Maariv publishes a comment from Prime Minister Benjamin Netanyahu’s office which said that “the Israeli government, the IDF, and the Mossad prevented Syria from developing nuclear capability. They deserve full appreciation. Israeli policy was and remains consistent – to prevent our enemies from arming with nuclear weapons.”

In the opinion pieces, Yediot Ahronoth’s military affairs commentator, Alex Fishman, argues that: “It’s fortunate that this mass ego-trip that was unleashed yesterday here was curtailed briefly by the former Mossad director, Tamir Pardo, who reminded us all that the emperor has no clothes. After all, the Deir ez-Zor story is first and foremost a story about a disgraceful intelligence failure. Those same people who were responsible for acquiring intelligence and giving the warning, those same people who were supposed to prevent a situation from arising in which Israel might face an existential threat – failed.”

In Ma’ariv, Ben Caspit criticises Pardo, arguing: “Pardo, a man of great successes and with much to his credit, is doing a disservice to himself and others. Intelligence isn’t an exact science. One can’t know everything all the time. If a dictator, such as Assad, decides to build a nuclear reactor beneath the radar and keeps it absolutely secret (almost no one in Syria was aware of the project either), and if he uses a long series of diversionary tactics and takes all necessary means to conceal and secure that information, it could very well be that our intelligence services won’t detect it in the initial stages, but only subsequently.”
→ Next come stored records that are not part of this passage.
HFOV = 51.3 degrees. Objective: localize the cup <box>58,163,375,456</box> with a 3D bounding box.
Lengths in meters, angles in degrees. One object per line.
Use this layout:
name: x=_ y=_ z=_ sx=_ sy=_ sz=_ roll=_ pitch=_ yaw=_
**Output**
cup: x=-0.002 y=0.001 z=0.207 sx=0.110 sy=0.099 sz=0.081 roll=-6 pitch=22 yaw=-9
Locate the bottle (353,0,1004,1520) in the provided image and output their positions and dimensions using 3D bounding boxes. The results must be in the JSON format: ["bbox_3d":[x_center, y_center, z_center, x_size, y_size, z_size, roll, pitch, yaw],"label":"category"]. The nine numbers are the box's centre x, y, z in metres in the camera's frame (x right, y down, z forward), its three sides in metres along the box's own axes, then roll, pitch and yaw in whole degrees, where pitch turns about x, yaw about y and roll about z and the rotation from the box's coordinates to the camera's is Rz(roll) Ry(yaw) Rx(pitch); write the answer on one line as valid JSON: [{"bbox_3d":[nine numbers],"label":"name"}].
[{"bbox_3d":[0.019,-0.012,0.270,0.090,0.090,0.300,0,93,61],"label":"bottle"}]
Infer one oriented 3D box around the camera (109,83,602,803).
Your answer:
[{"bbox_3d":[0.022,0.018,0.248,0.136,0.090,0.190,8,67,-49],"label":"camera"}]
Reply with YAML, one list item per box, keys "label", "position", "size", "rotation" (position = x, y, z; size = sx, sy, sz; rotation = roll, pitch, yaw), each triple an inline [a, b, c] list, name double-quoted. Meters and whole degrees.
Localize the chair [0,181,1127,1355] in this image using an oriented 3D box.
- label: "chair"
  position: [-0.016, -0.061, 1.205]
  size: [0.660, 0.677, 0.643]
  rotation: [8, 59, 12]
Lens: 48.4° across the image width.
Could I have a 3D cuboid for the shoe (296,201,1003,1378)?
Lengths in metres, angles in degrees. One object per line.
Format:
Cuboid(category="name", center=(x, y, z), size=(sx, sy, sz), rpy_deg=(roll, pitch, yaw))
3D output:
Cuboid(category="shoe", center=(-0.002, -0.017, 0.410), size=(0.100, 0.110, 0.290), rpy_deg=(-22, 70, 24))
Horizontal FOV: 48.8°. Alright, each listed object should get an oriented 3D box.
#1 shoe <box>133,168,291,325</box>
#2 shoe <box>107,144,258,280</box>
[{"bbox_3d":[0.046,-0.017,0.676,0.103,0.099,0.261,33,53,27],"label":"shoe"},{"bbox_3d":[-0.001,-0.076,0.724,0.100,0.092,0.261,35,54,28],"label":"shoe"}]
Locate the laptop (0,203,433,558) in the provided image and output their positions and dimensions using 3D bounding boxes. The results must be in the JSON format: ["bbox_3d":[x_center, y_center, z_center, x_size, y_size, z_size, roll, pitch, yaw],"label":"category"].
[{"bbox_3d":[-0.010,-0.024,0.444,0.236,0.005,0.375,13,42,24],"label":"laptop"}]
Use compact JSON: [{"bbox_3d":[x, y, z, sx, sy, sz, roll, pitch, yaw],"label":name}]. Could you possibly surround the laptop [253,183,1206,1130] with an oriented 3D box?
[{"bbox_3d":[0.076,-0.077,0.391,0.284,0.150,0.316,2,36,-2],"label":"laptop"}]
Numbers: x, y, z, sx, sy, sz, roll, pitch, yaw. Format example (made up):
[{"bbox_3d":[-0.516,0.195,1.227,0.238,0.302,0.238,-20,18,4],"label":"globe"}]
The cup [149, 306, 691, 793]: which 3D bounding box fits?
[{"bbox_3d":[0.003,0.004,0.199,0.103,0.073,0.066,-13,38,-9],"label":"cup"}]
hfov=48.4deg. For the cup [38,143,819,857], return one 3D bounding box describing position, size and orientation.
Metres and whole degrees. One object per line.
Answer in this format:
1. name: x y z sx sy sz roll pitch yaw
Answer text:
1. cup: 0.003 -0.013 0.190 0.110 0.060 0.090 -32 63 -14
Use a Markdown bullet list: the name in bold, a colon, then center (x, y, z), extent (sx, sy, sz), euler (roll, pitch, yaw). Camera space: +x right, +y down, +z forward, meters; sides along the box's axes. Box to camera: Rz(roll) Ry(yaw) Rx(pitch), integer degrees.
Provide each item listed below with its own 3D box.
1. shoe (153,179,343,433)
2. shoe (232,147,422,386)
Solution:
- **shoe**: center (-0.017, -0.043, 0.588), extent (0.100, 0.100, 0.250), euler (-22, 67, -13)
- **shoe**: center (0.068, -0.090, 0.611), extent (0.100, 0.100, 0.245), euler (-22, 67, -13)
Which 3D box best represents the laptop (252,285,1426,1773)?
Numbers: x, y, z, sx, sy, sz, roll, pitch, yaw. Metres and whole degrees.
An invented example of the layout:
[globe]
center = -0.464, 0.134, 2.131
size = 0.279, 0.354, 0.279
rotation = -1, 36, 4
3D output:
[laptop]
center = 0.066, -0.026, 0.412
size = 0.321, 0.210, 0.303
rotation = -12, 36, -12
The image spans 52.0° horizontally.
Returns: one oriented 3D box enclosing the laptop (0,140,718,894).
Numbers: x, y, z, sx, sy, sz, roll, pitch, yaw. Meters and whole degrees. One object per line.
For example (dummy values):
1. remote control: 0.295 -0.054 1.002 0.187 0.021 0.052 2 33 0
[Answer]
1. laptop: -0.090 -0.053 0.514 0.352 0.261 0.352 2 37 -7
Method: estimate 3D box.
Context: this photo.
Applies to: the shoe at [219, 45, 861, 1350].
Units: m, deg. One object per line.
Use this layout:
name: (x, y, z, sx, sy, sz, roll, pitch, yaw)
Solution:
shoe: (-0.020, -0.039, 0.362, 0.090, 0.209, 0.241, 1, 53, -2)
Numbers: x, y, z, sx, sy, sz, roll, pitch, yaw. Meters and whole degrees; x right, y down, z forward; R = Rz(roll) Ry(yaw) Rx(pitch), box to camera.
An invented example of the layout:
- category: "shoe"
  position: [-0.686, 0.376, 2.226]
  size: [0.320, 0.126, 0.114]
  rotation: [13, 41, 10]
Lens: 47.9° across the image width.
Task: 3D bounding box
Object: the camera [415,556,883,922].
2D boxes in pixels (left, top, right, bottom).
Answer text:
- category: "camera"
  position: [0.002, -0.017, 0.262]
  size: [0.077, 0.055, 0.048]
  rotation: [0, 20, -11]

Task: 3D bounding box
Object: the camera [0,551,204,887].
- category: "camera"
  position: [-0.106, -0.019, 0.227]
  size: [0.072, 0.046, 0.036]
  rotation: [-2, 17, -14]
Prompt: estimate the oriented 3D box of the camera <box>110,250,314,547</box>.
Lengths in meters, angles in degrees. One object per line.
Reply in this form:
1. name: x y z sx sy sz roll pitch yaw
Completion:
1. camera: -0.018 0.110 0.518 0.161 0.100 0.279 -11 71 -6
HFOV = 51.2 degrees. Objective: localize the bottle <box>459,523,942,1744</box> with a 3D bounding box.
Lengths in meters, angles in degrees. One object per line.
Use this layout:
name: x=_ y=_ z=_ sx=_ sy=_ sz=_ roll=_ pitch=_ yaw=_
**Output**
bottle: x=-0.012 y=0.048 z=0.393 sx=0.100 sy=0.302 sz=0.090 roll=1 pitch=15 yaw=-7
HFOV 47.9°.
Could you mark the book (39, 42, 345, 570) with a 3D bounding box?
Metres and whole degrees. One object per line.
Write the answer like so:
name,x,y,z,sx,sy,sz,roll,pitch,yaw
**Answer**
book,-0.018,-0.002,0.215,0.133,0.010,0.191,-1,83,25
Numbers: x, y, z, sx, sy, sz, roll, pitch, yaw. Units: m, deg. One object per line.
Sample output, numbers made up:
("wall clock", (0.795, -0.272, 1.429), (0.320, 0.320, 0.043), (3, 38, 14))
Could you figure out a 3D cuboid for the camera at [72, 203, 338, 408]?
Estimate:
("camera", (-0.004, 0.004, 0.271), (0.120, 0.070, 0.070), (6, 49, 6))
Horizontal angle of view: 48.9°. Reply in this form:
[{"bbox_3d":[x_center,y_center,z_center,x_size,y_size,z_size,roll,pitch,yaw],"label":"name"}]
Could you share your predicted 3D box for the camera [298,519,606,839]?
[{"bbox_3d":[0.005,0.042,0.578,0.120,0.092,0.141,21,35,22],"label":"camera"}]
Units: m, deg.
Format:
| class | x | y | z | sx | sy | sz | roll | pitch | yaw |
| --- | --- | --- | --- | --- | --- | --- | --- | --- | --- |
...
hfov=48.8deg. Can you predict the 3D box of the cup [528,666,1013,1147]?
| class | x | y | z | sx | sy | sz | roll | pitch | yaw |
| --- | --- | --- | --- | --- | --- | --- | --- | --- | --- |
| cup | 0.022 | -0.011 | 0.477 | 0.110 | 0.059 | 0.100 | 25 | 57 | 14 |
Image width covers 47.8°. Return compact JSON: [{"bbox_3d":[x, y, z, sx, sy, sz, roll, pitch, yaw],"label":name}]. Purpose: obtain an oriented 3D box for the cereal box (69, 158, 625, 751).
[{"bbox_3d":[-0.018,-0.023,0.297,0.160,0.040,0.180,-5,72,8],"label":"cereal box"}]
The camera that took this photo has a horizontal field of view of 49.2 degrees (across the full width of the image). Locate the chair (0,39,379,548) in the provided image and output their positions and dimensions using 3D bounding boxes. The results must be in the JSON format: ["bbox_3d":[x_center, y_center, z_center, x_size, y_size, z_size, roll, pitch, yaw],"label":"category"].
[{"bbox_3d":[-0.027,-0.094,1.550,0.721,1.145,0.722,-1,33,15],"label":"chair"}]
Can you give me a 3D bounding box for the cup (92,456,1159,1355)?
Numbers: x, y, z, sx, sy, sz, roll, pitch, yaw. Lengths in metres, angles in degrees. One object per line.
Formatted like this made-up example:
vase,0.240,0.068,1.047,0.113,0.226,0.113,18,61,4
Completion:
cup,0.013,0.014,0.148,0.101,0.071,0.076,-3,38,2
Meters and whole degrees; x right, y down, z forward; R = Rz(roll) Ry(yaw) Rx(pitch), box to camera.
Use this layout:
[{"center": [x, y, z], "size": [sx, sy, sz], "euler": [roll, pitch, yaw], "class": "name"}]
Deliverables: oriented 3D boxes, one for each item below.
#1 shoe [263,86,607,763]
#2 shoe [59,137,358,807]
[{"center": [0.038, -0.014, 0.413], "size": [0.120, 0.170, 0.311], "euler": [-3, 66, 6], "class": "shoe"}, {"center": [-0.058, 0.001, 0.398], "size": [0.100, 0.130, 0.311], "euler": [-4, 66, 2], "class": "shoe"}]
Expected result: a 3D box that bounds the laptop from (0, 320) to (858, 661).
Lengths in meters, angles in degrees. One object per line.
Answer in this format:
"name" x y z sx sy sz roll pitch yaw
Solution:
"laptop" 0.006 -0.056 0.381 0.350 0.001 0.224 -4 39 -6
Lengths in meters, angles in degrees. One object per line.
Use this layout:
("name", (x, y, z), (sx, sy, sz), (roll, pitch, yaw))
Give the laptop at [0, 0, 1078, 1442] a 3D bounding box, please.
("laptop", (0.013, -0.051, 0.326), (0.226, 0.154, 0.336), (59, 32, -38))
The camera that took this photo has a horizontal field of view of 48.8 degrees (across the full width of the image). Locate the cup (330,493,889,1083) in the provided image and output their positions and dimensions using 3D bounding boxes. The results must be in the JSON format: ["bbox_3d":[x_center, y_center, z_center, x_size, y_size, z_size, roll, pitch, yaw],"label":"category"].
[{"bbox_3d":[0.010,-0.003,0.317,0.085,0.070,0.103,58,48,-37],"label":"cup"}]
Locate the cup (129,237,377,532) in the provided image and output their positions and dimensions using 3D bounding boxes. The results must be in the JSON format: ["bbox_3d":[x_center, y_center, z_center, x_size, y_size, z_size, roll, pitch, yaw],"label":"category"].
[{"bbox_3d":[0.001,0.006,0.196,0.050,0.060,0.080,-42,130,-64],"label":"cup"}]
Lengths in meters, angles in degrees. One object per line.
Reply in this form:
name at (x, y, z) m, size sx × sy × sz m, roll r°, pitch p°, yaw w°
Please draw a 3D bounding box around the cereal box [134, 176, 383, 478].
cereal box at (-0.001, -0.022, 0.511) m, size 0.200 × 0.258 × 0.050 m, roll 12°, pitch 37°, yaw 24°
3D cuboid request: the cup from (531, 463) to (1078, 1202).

Maariv reports that the security establishment is concerned that Hamas will carry out attacks. There has been a worrisome spike in intelligence this past month about planned, large-scale terror attacks, including shooting attacks and possibly also kidnappings. The security establishment’s assessment is that despite the crisis in relations with the Palestinian Authority (PA), the PA has not changed its policy and is opposed to transitioning to a violent conflict with Israel by means of armed men.